▶ **How to complete this task**
Among the entries below, one stretch runs from the line that contains "- number of" through the line that contains "Return one JSON". Repeat that stretch exactly, ends included, and only that.

START Information supplied

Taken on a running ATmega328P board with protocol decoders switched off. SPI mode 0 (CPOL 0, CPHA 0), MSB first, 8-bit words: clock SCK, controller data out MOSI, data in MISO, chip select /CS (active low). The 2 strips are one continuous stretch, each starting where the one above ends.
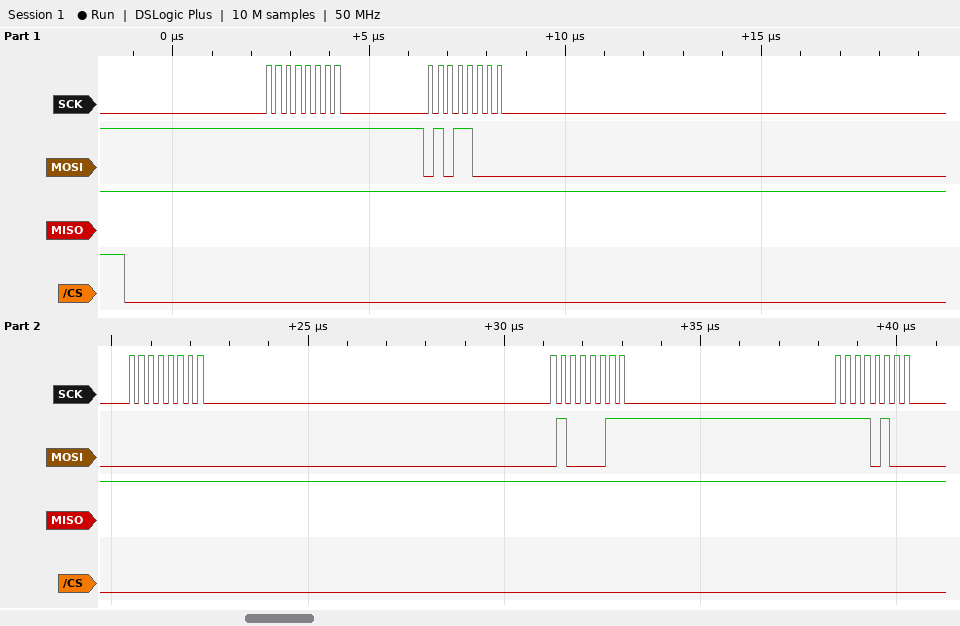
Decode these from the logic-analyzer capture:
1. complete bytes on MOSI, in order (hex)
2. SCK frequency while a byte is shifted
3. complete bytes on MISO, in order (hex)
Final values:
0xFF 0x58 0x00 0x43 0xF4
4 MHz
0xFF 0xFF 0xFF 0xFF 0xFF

END Information supplied
START Information supplied

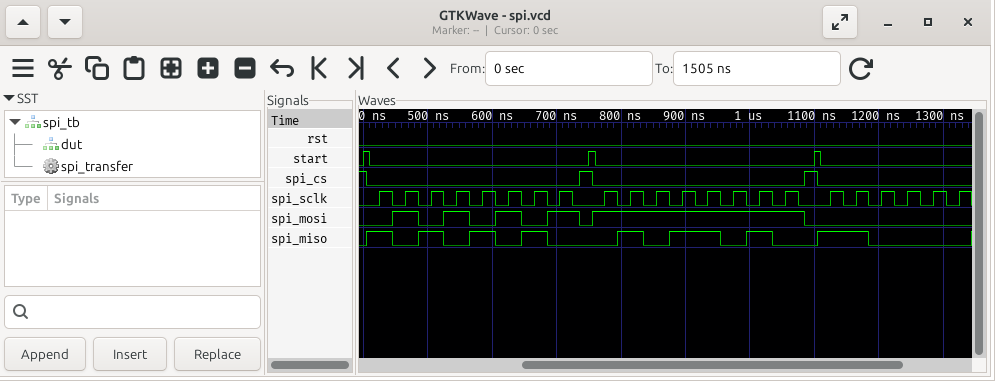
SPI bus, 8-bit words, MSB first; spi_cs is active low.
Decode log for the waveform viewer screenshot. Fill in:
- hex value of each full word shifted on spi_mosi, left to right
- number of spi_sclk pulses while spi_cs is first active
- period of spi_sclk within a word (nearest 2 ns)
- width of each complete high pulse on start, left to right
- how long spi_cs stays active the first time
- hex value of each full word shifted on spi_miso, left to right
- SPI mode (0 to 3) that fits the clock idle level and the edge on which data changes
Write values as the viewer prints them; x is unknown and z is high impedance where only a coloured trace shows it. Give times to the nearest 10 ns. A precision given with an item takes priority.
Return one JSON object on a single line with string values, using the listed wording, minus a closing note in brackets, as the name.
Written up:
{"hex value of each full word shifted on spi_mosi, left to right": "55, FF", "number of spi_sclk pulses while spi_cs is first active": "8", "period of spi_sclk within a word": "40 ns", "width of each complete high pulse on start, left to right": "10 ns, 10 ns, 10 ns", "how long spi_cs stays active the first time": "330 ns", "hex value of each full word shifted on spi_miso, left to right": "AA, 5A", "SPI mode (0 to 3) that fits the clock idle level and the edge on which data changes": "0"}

END Information supplied
START Information supplied

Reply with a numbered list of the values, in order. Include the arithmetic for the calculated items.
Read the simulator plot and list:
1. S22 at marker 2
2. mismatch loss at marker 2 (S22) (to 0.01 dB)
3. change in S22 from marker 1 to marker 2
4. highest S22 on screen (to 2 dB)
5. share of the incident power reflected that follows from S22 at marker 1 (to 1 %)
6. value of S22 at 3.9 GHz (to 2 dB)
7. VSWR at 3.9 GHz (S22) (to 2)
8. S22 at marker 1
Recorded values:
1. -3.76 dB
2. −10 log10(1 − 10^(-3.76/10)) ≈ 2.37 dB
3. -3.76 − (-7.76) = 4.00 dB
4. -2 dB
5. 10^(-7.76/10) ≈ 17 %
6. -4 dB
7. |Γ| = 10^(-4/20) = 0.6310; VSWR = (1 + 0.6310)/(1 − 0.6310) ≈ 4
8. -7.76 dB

END Information supplied

▶ **Answer area**
- number of spi_sclk pulses while spi_cs is first active
- period of spi_sclk within a word (nearest 2 ns)
- width of each complete high pulse on start, left to right
- how long spi_cs stays active the first time
- hex value of each full word shifted on spi_miso, left to right
- SPI mode (0 to 3) that fits the clock idle level and the edge on which data changes
Write values as the viewer prints them; x is unknown and z is high impedance where only a coloured trace shows it. Give times to the nearest 10 ns. A precision given with an item takes priority.
Return one JSON object on a single line with string values, using the listed wording, minus a closing note in brackets, as the name.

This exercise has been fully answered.